**HOW TO COMPLETE THIS TASK:** For the listing that follows, give again exactly the lines from the one with "table_header Matavimo vienetas" to the one with "table_cell 17 726 [978, 643, 1167, 787]", including both.

=== Begin Enclosure ===

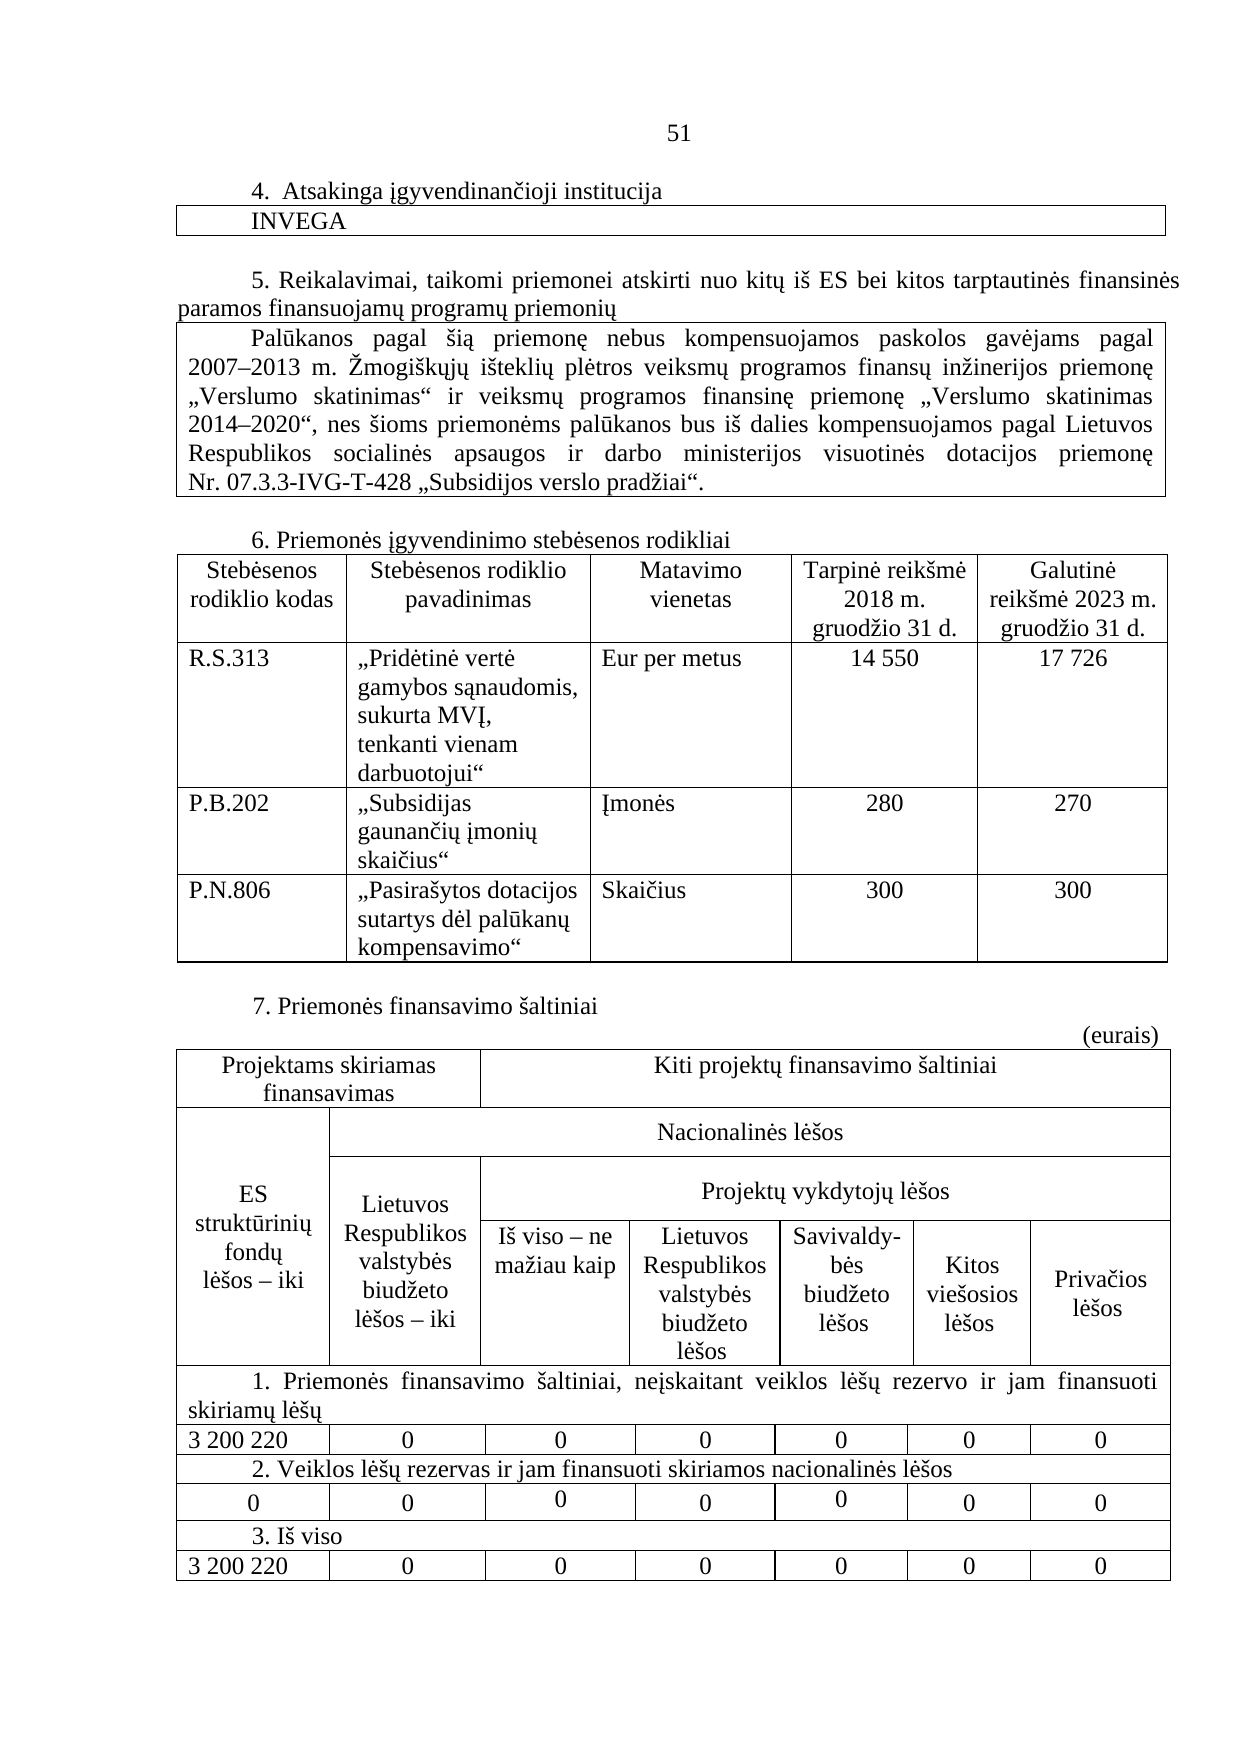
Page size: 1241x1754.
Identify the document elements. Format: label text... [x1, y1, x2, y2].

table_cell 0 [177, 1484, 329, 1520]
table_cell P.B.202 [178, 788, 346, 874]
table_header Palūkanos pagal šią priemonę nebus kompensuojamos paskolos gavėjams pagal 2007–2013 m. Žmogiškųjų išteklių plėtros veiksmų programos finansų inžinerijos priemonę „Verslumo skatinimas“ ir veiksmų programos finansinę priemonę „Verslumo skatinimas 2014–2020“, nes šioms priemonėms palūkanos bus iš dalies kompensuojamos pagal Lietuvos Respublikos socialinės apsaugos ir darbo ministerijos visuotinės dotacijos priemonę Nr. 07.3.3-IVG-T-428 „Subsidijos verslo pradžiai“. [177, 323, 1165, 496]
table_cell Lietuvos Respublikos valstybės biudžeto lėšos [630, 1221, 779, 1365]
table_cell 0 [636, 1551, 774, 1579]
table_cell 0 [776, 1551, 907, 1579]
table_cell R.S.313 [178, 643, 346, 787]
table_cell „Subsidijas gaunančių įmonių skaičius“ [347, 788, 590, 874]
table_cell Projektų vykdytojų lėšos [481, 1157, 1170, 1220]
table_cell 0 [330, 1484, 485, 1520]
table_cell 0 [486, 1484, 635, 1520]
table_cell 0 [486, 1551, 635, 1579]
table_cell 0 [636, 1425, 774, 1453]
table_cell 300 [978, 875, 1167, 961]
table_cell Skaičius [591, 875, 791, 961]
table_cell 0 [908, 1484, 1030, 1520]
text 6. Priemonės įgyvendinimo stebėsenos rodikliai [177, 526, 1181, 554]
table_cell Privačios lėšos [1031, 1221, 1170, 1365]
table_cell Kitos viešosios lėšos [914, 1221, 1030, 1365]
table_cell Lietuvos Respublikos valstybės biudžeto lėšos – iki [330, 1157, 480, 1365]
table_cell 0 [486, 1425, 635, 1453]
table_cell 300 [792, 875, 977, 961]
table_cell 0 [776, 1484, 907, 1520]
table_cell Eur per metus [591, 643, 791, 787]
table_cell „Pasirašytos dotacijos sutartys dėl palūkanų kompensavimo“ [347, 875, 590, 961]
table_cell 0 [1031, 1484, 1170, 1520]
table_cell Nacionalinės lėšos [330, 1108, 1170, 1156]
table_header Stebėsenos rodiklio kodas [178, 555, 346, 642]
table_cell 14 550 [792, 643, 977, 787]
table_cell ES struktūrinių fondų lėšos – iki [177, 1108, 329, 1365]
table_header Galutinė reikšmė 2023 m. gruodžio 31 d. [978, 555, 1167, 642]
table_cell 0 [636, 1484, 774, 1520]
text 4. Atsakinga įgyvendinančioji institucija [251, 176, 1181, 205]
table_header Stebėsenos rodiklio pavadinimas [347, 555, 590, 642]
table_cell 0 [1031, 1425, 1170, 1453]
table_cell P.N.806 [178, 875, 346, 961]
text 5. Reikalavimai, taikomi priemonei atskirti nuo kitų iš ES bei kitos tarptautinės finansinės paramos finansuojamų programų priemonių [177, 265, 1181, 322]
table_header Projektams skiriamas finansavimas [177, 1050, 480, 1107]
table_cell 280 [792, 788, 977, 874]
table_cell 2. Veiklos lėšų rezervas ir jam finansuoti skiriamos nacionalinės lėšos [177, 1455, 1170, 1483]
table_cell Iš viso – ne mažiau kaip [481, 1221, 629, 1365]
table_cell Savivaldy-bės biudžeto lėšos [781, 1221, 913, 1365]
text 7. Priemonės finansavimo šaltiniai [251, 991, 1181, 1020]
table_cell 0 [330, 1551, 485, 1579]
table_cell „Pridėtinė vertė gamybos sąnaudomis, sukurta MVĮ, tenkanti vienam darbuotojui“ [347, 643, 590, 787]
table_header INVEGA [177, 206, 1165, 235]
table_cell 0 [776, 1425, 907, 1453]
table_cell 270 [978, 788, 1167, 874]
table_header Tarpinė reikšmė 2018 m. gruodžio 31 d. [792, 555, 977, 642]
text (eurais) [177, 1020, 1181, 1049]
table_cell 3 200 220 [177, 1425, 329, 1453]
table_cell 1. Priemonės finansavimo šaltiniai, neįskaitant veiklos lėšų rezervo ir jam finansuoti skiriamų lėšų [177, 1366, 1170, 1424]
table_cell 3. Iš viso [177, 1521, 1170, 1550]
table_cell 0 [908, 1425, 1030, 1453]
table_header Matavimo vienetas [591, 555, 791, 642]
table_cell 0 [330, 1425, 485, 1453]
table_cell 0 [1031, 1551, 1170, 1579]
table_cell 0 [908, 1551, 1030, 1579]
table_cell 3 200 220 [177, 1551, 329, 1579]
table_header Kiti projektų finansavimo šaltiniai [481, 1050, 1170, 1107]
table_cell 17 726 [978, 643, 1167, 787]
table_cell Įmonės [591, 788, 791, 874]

=== End Enclosure ===

**ANSWER SECTION:**
table_header Matavimo vienetas [591, 555, 791, 642]
table_cell 0 [330, 1425, 485, 1453]
table_cell 0 [1031, 1551, 1170, 1579]
table_cell 0 [908, 1551, 1030, 1579]
table_cell 3 200 220 [177, 1551, 329, 1579]
table_header Kiti projektų finansavimo šaltiniai [481, 1050, 1170, 1107]
table_cell 17 726 [978, 643, 1167, 787]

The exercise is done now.